I'm migrating a batch system over to streaming, and I'm unsure as to what kinds of aggregations are suitable for Spark Streams. We tend to have second-level metrics that we only want to keep at minute, hour, and day level aggregations though.
I understand that I can trivially micro-batch on, say, 1 minute intervals in Spark.
- Is it sensible/intelligent to attempt to do the hour/day aggregations in the stream, or do people typically save the data to file and process it in a batch for this?
- I understand spark can calculate aggregations in a way that takes little memory using deltas (something about you providing the inverse of an operation, and then it can be extra efficient). Does this mean that you can literally handle a day's worth of data because the storage size used by the function is just constant/small (just the current element and the new element being merged to it)?
For more information on #2, I'm referring to the following from Spark Streaming - Spark 2.1.0 Documentation (which I believe was also in my Spark book from 1.3, though it's been a while ).
reduceByKeyAndWindow(func, invFunc, windowLength, slideInterval, [numTasks])
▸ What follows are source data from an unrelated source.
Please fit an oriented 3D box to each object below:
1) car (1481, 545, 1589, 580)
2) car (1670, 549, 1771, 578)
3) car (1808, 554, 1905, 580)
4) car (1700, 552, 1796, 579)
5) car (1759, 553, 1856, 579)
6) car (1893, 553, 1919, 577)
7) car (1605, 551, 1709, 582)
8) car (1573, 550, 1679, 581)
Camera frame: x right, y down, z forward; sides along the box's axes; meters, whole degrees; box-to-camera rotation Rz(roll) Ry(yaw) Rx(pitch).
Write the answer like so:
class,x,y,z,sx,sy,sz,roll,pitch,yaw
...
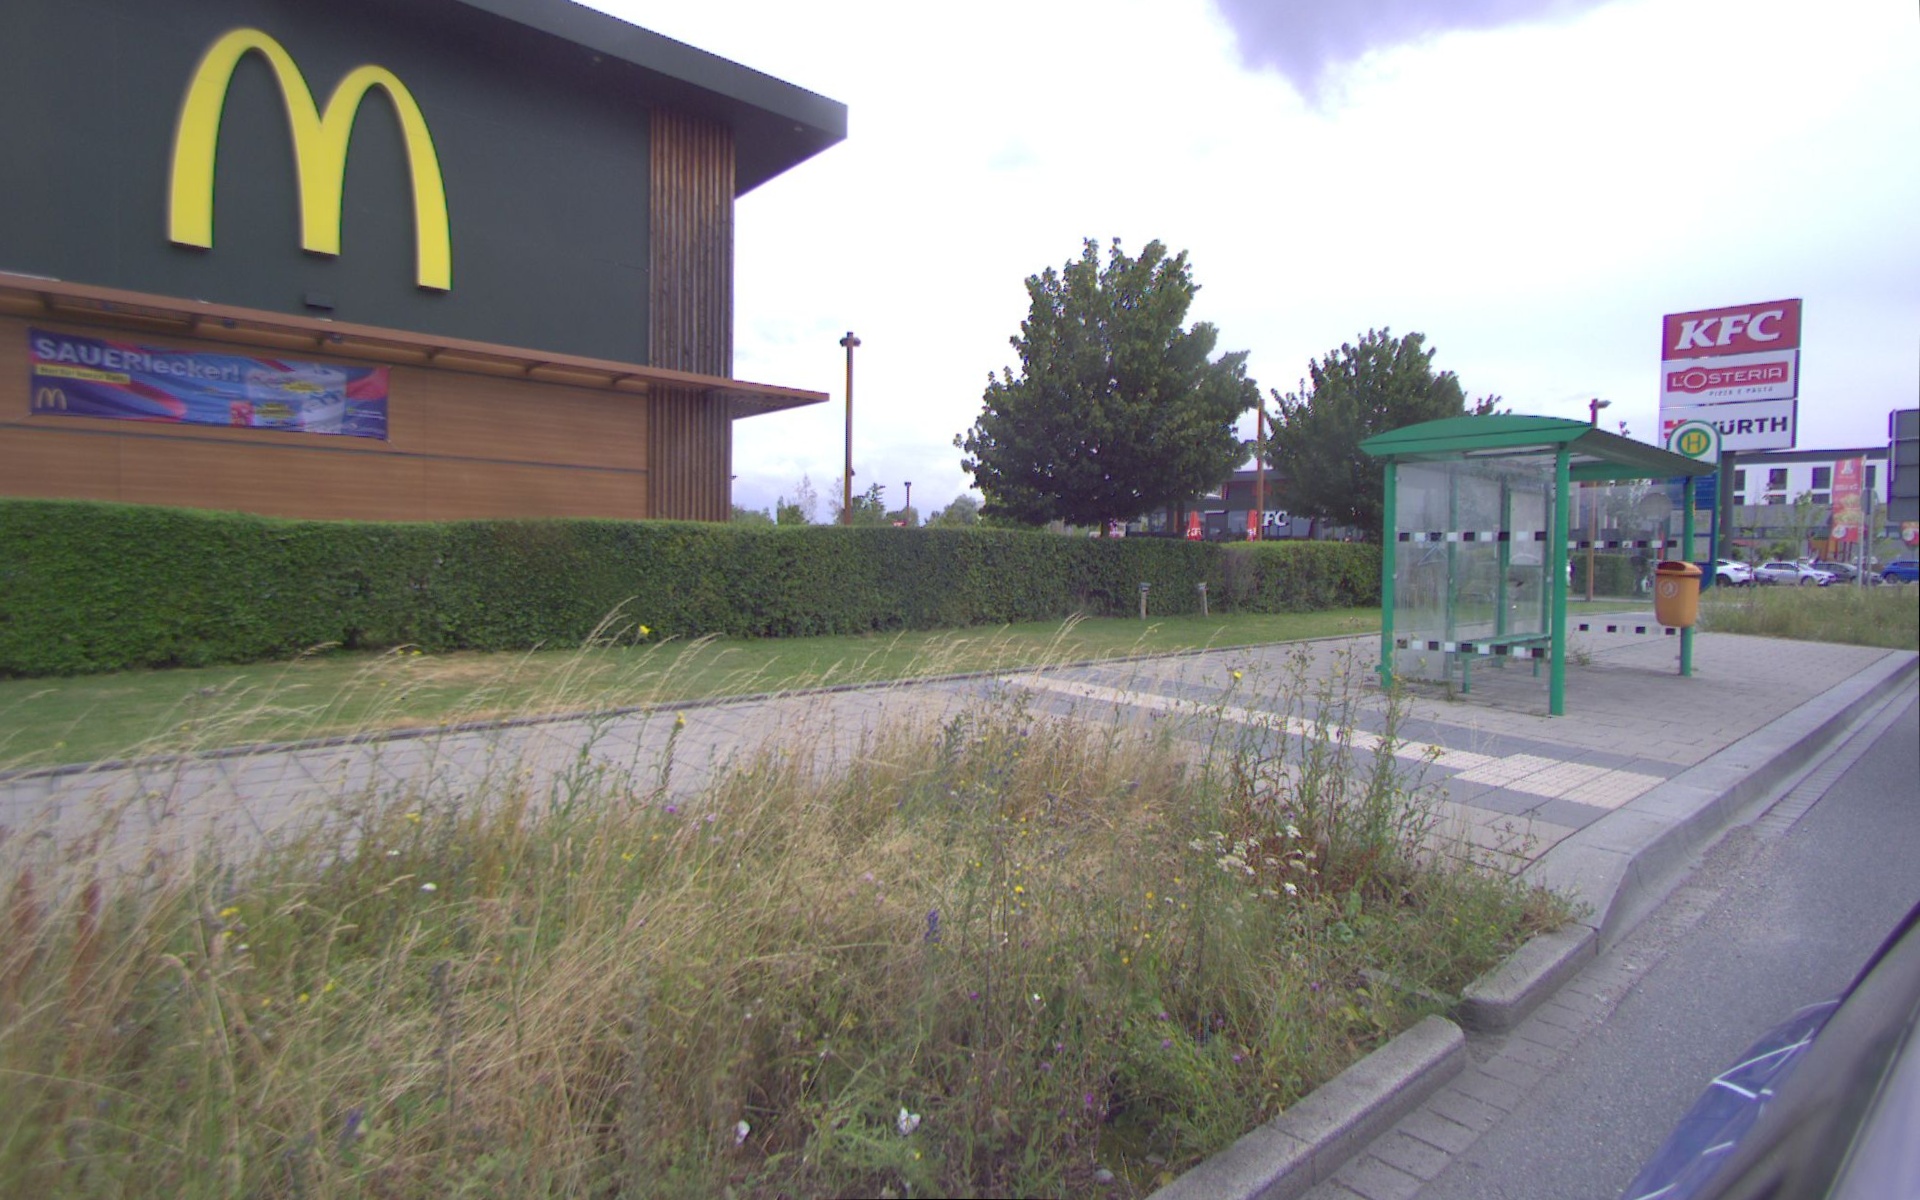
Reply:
class,x,y,z,sx,sy,sz,roll,pitch,yaw
car,26.590,-1.771,46.895,1.815,1.546,3.995,-2,3,-40
car,41.465,-1.997,55.269,1.811,1.541,4.003,-1,3,-33
car,54.552,-2.026,61.638,1.810,1.504,4.006,-1,3,-29
car,45.486,-1.995,58.514,1.812,1.504,4.003,-1,3,-33
car,50.096,-2.035,59.924,1.810,1.504,4.006,-1,3,-29
car,63.304,-2.272,65.414,1.809,1.504,4.007,-2,2,-24
car,35.601,-1.748,51.769,1.811,1.504,4.003,-1,3,-33
car,33.206,-1.754,50.565,1.811,1.504,4.003,-1,3,-33

A more efficient version of the above reduceByKeyAndWindow() where the reduce value of each window is calculated incrementally using the reduce values of the previous window. This is done by reducing the new data that enters the sliding window, and “inverse reducing” the old data that leaves the window. An example would be that of “adding” and “subtracting” counts of keys as the window slides. However, it is applicable only to “invertible reduce functions”, that is, those reduce functions which have a corresponding “inverse reduce” function (taken as parameter invFunc). Like in reduceByKeyAndWindow, the number of reduce tasks is configurable through an optional argument. Note that checkpointing must be enabled for using this operation.
For context, we're going to be dealing with 18.7 billion data points a day, ~325 metrics for ~40,000 hosts, 1,440 readings a day (1 per minute). Ignoring the time dimension, that would be around 13 million things to keep track of simultaneously.